Police response and department rules

Responding to questions from local reporters, the Baltimore Police Department said citations are waived only when officers are operating with lights and sirens. BPD spokesperson Lindsey Eldridge told FOX45 that in all other situations, officers must personally pay the fine and may also face discipline under department policy. The department did not release a public breakdown of how many waivers were tied to emergency responses versus other circumstances.

Taxpayer watchdogs push back

For taxpayer advocates, the explanation has not put concerns to rest. David Williams, president of the Taxpayers Protection Alliance, said the pattern looks like “an abuse of the system” and warned that both the lost revenue and the optics of unpaid government tickets undermine public trust, FOX45 reported. Williams told reporters the problem is not just about the city’s bottom line but also about public safety, and he called for tighter oversight of how the city manages its vehicle fleet.
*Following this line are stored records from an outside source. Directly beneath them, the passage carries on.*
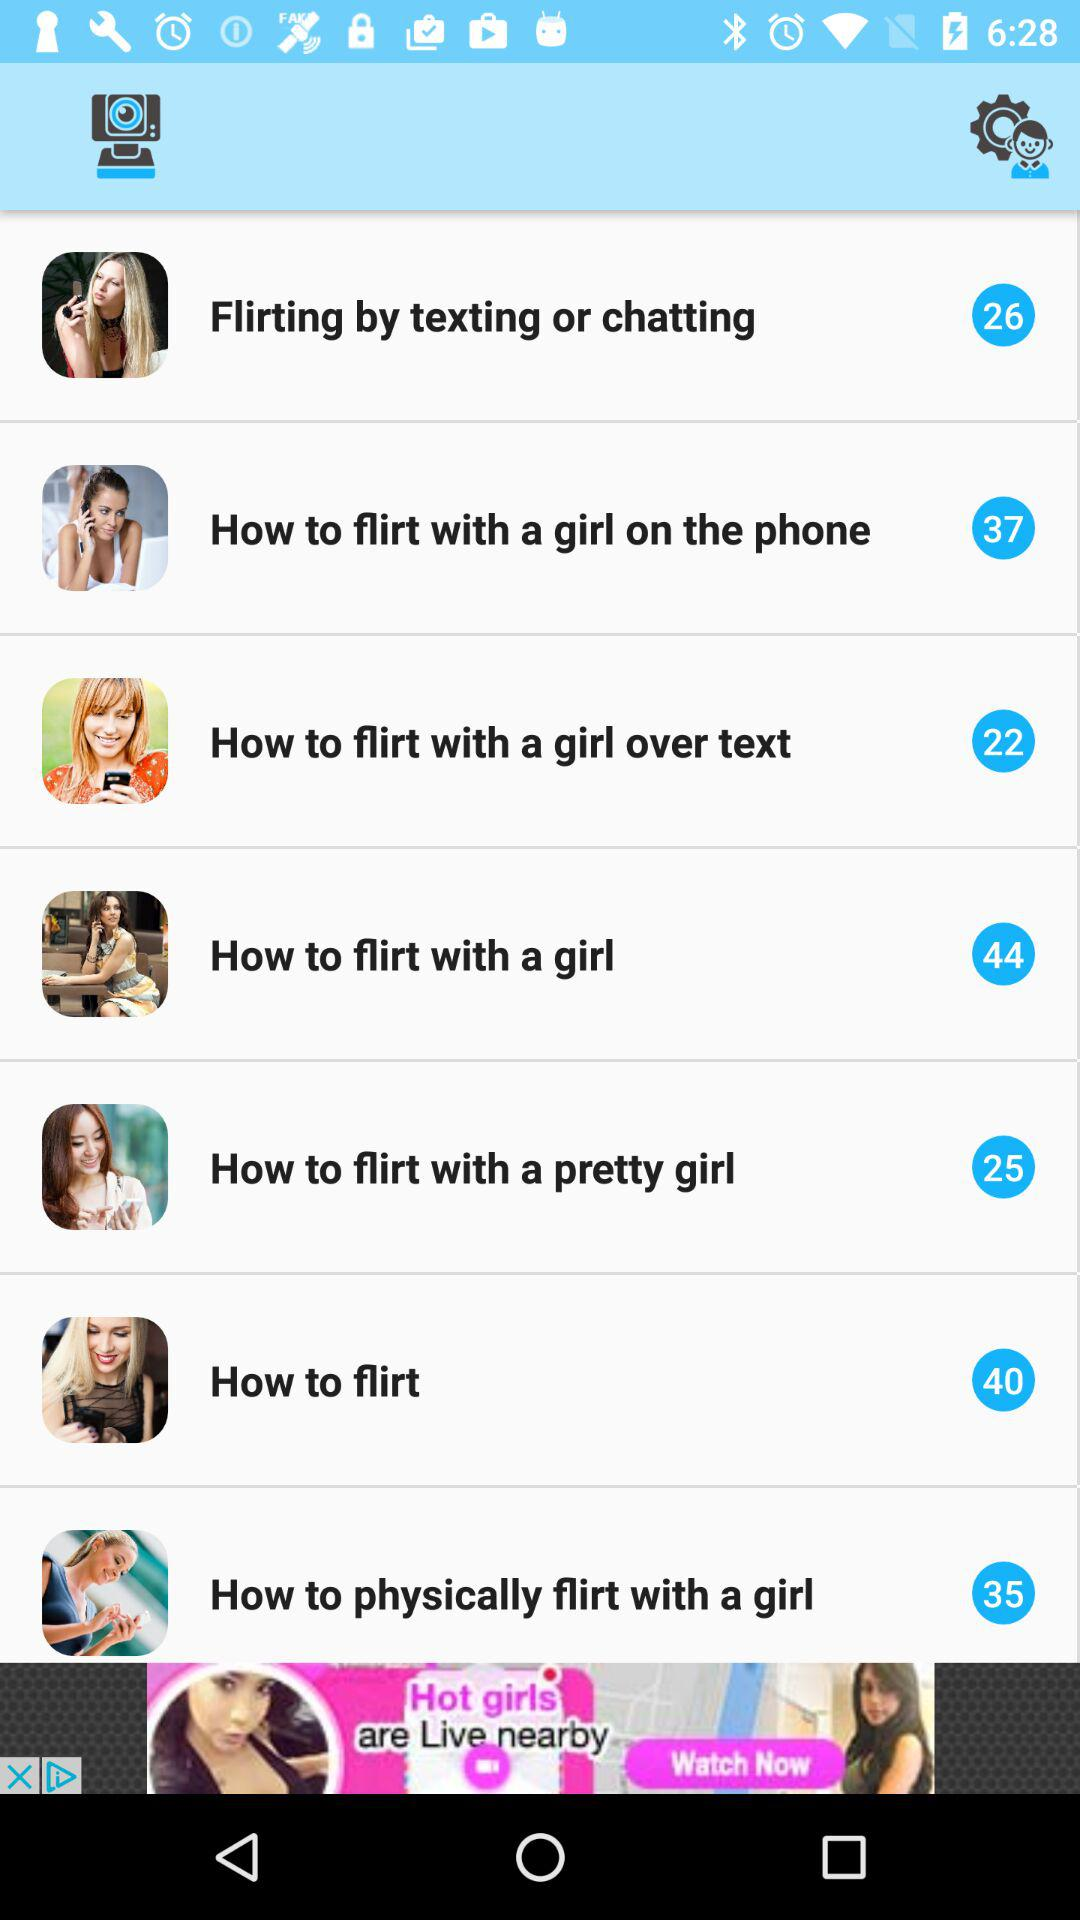What is the count of "How to flirt with a girl"? The count of "How to flirt with a girl" is 44. 
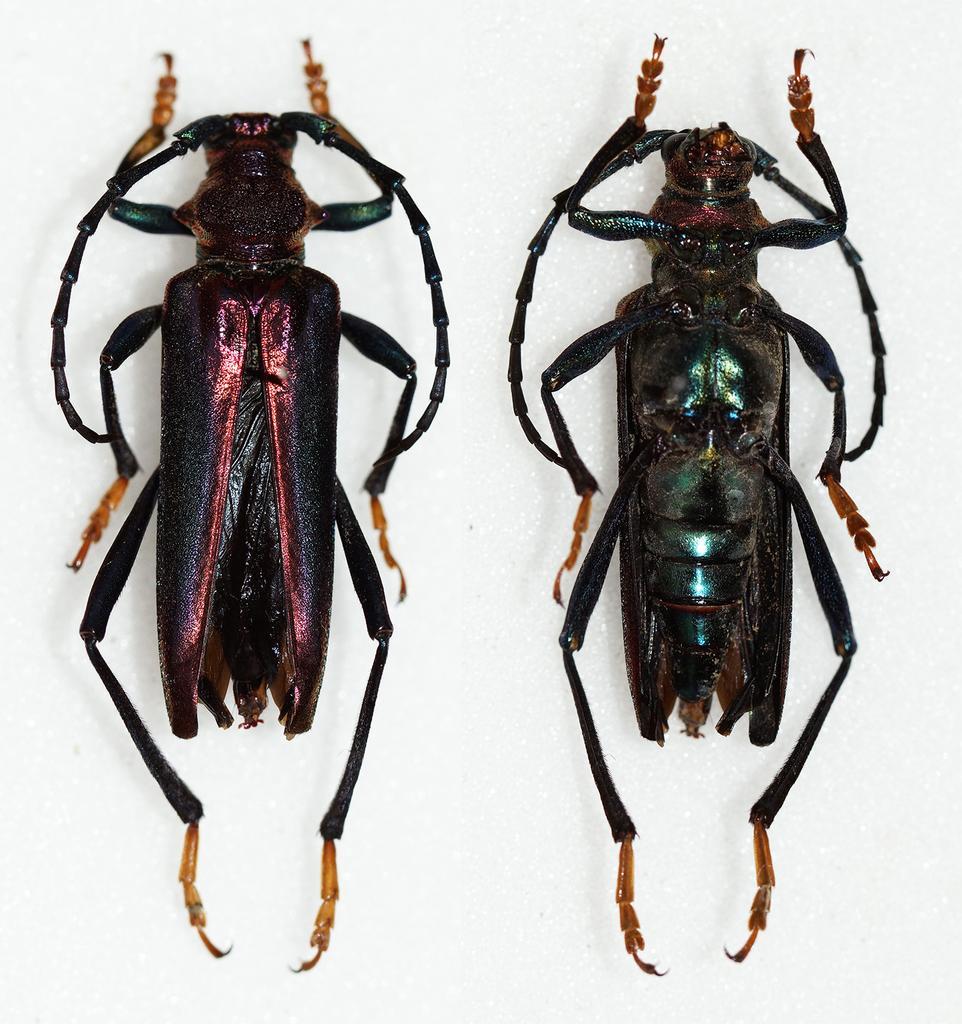How would you summarize this image in a sentence or two? In this image we can see two insects on the white color surface. 
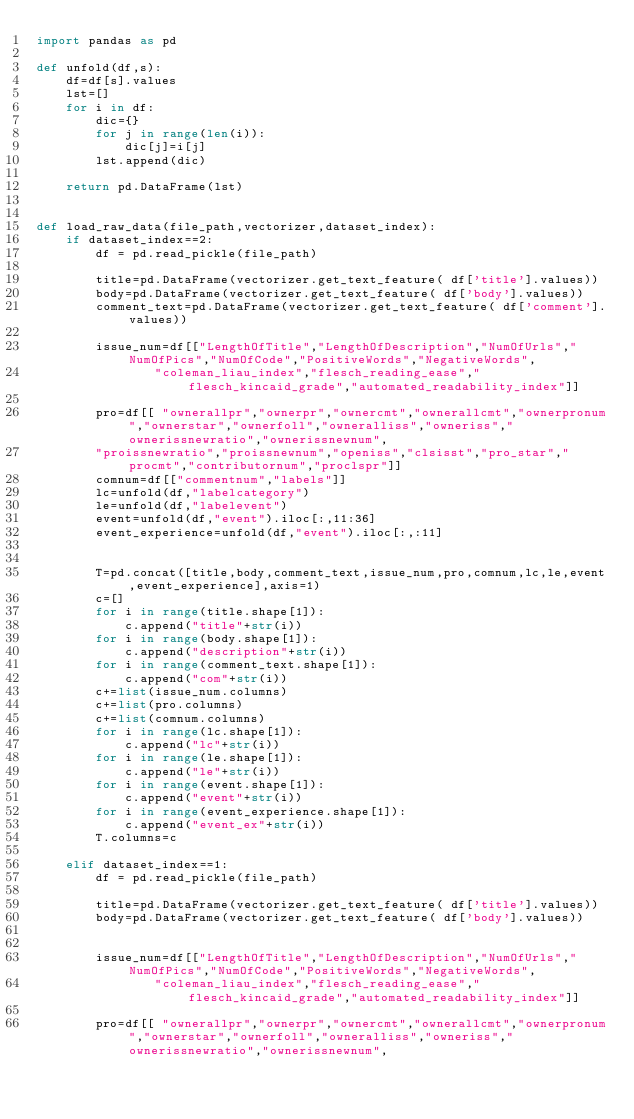Convert code to text. <code><loc_0><loc_0><loc_500><loc_500><_Python_>import pandas as pd

def unfold(df,s):
    df=df[s].values
    lst=[]
    for i in df:
        dic={}
        for j in range(len(i)):
            dic[j]=i[j]
        lst.append(dic)

    return pd.DataFrame(lst)


def load_raw_data(file_path,vectorizer,dataset_index):
    if dataset_index==2:
        df = pd.read_pickle(file_path)
        
        title=pd.DataFrame(vectorizer.get_text_feature( df['title'].values))
        body=pd.DataFrame(vectorizer.get_text_feature( df['body'].values))
        comment_text=pd.DataFrame(vectorizer.get_text_feature( df['comment'].values))

        issue_num=df[["LengthOfTitle","LengthOfDescription","NumOfUrls","NumOfPics","NumOfCode","PositiveWords","NegativeWords",
                "coleman_liau_index","flesch_reading_ease","flesch_kincaid_grade","automated_readability_index"]]

        pro=df[[ "ownerallpr","ownerpr","ownercmt","ownerallcmt","ownerpronum","ownerstar","ownerfoll","owneralliss","owneriss","ownerissnewratio","ownerissnewnum",
        "proissnewratio","proissnewnum","openiss","clsisst","pro_star","procmt","contributornum","proclspr"]]
        comnum=df[["commentnum","labels"]]
        lc=unfold(df,"labelcategory")
        le=unfold(df,"labelevent")
        event=unfold(df,"event").iloc[:,11:36]
        event_experience=unfold(df,"event").iloc[:,:11]


        T=pd.concat([title,body,comment_text,issue_num,pro,comnum,lc,le,event,event_experience],axis=1)
        c=[]
        for i in range(title.shape[1]):
            c.append("title"+str(i))
        for i in range(body.shape[1]):
            c.append("description"+str(i))
        for i in range(comment_text.shape[1]):
            c.append("com"+str(i))
        c+=list(issue_num.columns)
        c+=list(pro.columns)
        c+=list(comnum.columns)
        for i in range(lc.shape[1]):
            c.append("lc"+str(i))
        for i in range(le.shape[1]):
            c.append("le"+str(i))
        for i in range(event.shape[1]):
            c.append("event"+str(i))
        for i in range(event_experience.shape[1]):
            c.append("event_ex"+str(i))   
        T.columns=c

    elif dataset_index==1:
        df = pd.read_pickle(file_path)
        
        title=pd.DataFrame(vectorizer.get_text_feature( df['title'].values))
        body=pd.DataFrame(vectorizer.get_text_feature( df['body'].values))
    
        
        issue_num=df[["LengthOfTitle","LengthOfDescription","NumOfUrls","NumOfPics","NumOfCode","PositiveWords","NegativeWords",
                "coleman_liau_index","flesch_reading_ease","flesch_kincaid_grade","automated_readability_index"]]

        pro=df[[ "ownerallpr","ownerpr","ownercmt","ownerallcmt","ownerpronum","ownerstar","ownerfoll","owneralliss","owneriss","ownerissnewratio","ownerissnewnum",</code> 
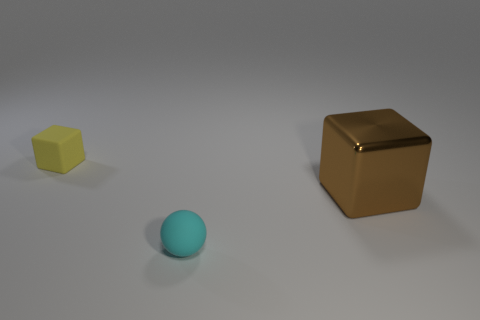What number of cyan things are big metallic objects or tiny objects?
Provide a succinct answer. 1. Is the number of yellow rubber things that are in front of the tiny yellow thing the same as the number of brown objects on the right side of the big brown object?
Make the answer very short. Yes. There is a small thing that is behind the large cube; is its shape the same as the object that is right of the cyan matte object?
Provide a short and direct response. Yes. Is there any other thing that has the same shape as the small cyan matte thing?
Offer a terse response. No. What is the shape of the other small object that is made of the same material as the small yellow thing?
Offer a very short reply. Sphere. Are there the same number of tiny cyan balls behind the big brown shiny cube and yellow rubber objects?
Your answer should be very brief. No. Do the small thing right of the tiny yellow rubber cube and the cube that is to the left of the brown thing have the same material?
Give a very brief answer. Yes. What shape is the tiny rubber object right of the rubber object that is left of the cyan matte object?
Offer a terse response. Sphere. There is a block that is the same material as the cyan ball; what is its color?
Provide a succinct answer. Yellow. Do the matte sphere and the large thing have the same color?
Your answer should be very brief. No. 
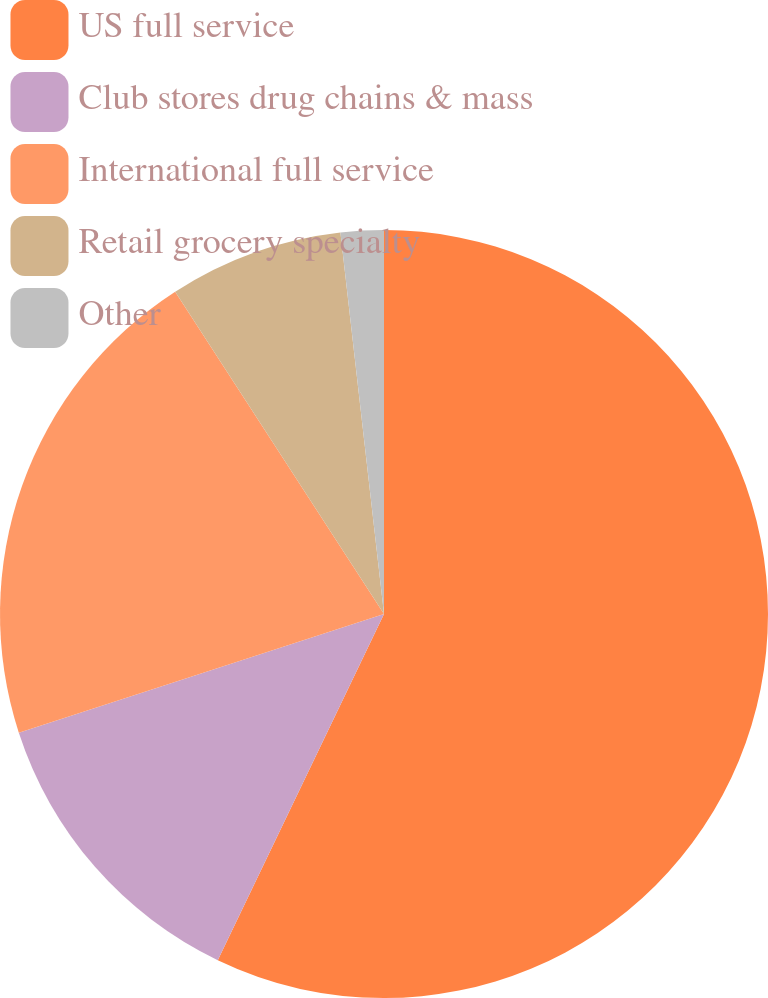Convert chart. <chart><loc_0><loc_0><loc_500><loc_500><pie_chart><fcel>US full service<fcel>Club stores drug chains & mass<fcel>International full service<fcel>Retail grocery specialty<fcel>Other<nl><fcel>57.12%<fcel>12.87%<fcel>20.85%<fcel>7.34%<fcel>1.81%<nl></chart> 
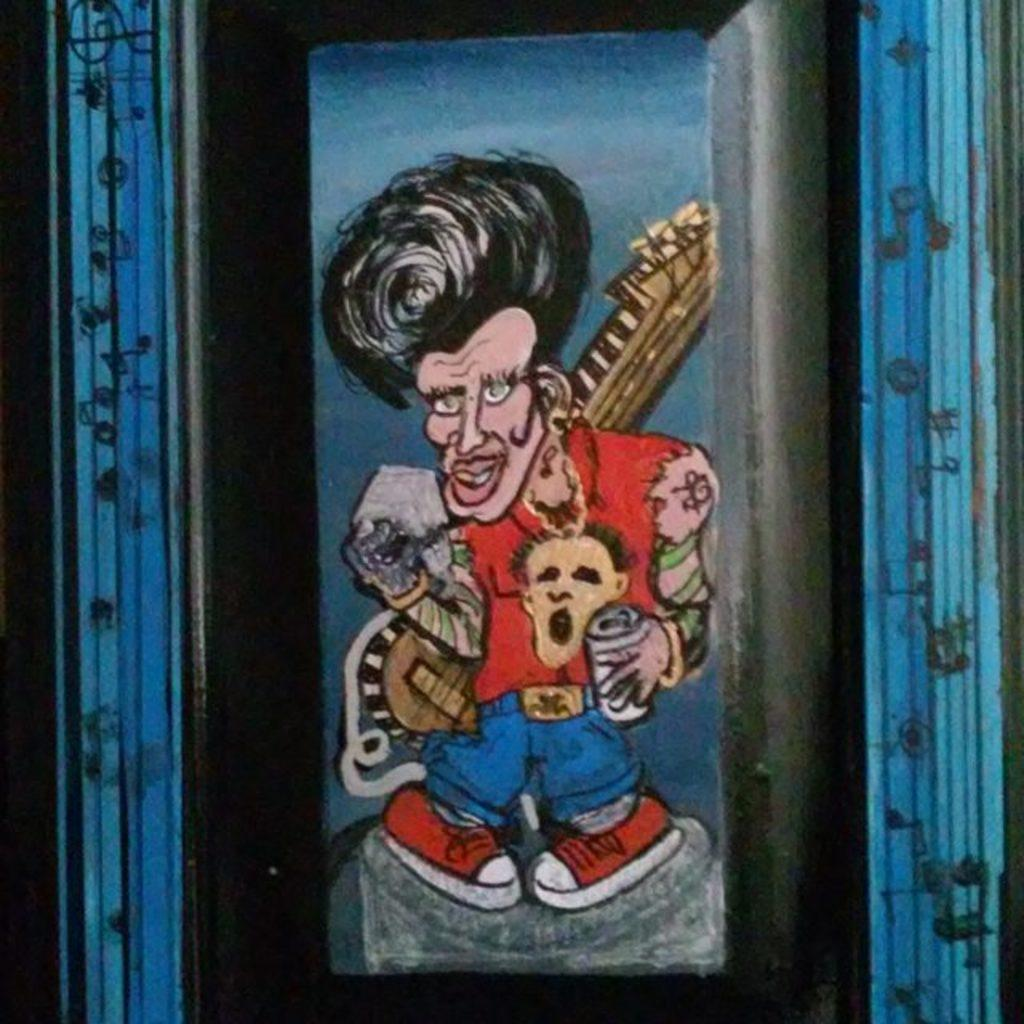What is the main subject of the image? The main subject of the image is a man. What is the man holding in the image? The man is holding a guitar. Can you tell me how many bird nests are visible in the image? There are no bird nests visible in the image; it features a man holding a guitar. What type of expert is the man talking to in the image? There is no expert or conversation present in the image; it only shows a man holding a guitar. 
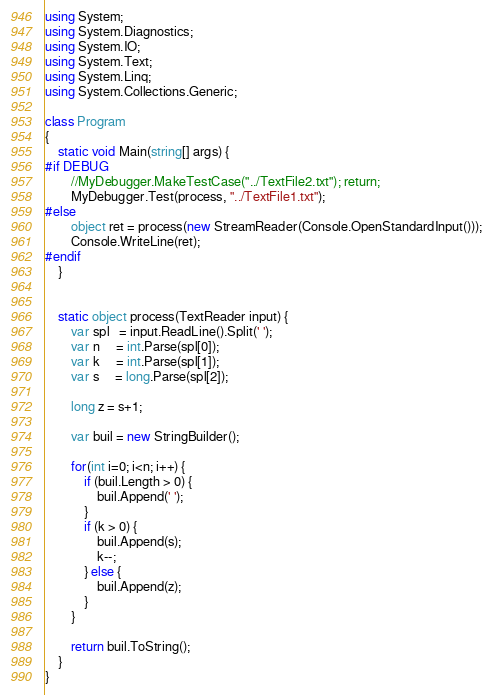<code> <loc_0><loc_0><loc_500><loc_500><_C#_>using System;
using System.Diagnostics;
using System.IO;
using System.Text;
using System.Linq;
using System.Collections.Generic;

class Program
{
    static void Main(string[] args) {
#if DEBUG
        //MyDebugger.MakeTestCase("../TextFile2.txt"); return;
        MyDebugger.Test(process, "../TextFile1.txt");
#else
        object ret = process(new StreamReader(Console.OpenStandardInput()));
        Console.WriteLine(ret);
#endif
    }


    static object process(TextReader input) {
        var spl   = input.ReadLine().Split(' ');
        var n     = int.Parse(spl[0]);
        var k     = int.Parse(spl[1]);
        var s     = long.Parse(spl[2]);
        
        long z = s+1;

        var buil = new StringBuilder();

        for(int i=0; i<n; i++) {
            if (buil.Length > 0) {            
                buil.Append(' ');
            }
            if (k > 0) {
                buil.Append(s);
                k--;
            } else {
                buil.Append(z);
            }
        }

        return buil.ToString();
    }
}
</code> 
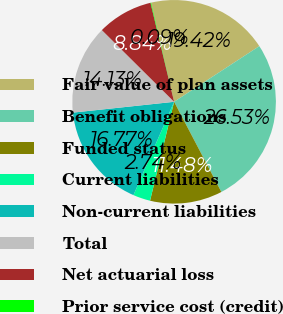<chart> <loc_0><loc_0><loc_500><loc_500><pie_chart><fcel>Fair value of plan assets<fcel>Benefit obligations<fcel>Funded status<fcel>Current liabilities<fcel>Non-current liabilities<fcel>Total<fcel>Net actuarial loss<fcel>Prior service cost (credit)<nl><fcel>19.42%<fcel>26.53%<fcel>11.48%<fcel>2.74%<fcel>16.77%<fcel>14.13%<fcel>8.84%<fcel>0.09%<nl></chart> 
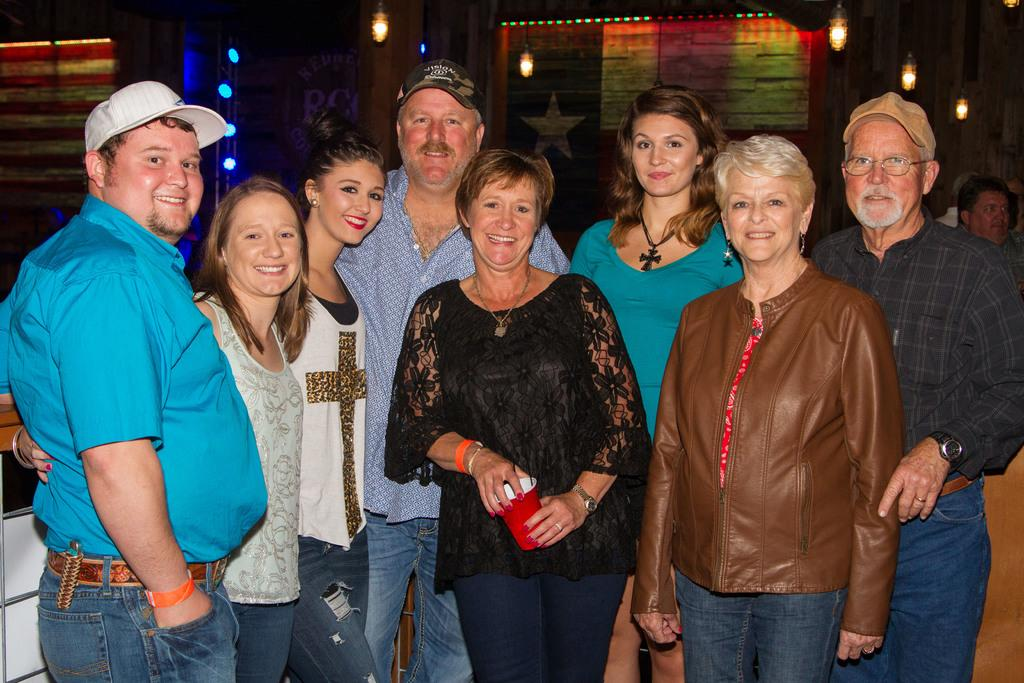How many people are in the image? There is a group of people standing in the image, but the exact number cannot be determined from the provided facts. What can be seen at the top of the image? There are lights visible at the top of the image. Is there a river flowing through the image? There is no mention of a river in the provided facts, so it cannot be determined if there is one in the image.

State context: why the fines matter

Beyond the budget hit, unpaid and waived citations can weaken the deterrent effect of the very enforcement tools meant to curb speeding and reckless driving. Maryland adopted a tiered penalty schedule for automated enforcement last year, increasing fines for the most serious violations, a change that raises the policy stakes for how consistently citations are collected and enforced, according to Maryland Matters.

What comes next

City watchdogs and fiscal overseers could push for more detailed public records spelling out which waivers were approved and why, as residents continue to press officials on transparency and accountability. Other agencies, including the Department of Public Works, Department of Transportation and the mayor’s office, also appeared in the reporting with a significant number of violations, a detail first highlighted by The Baltimore Sun.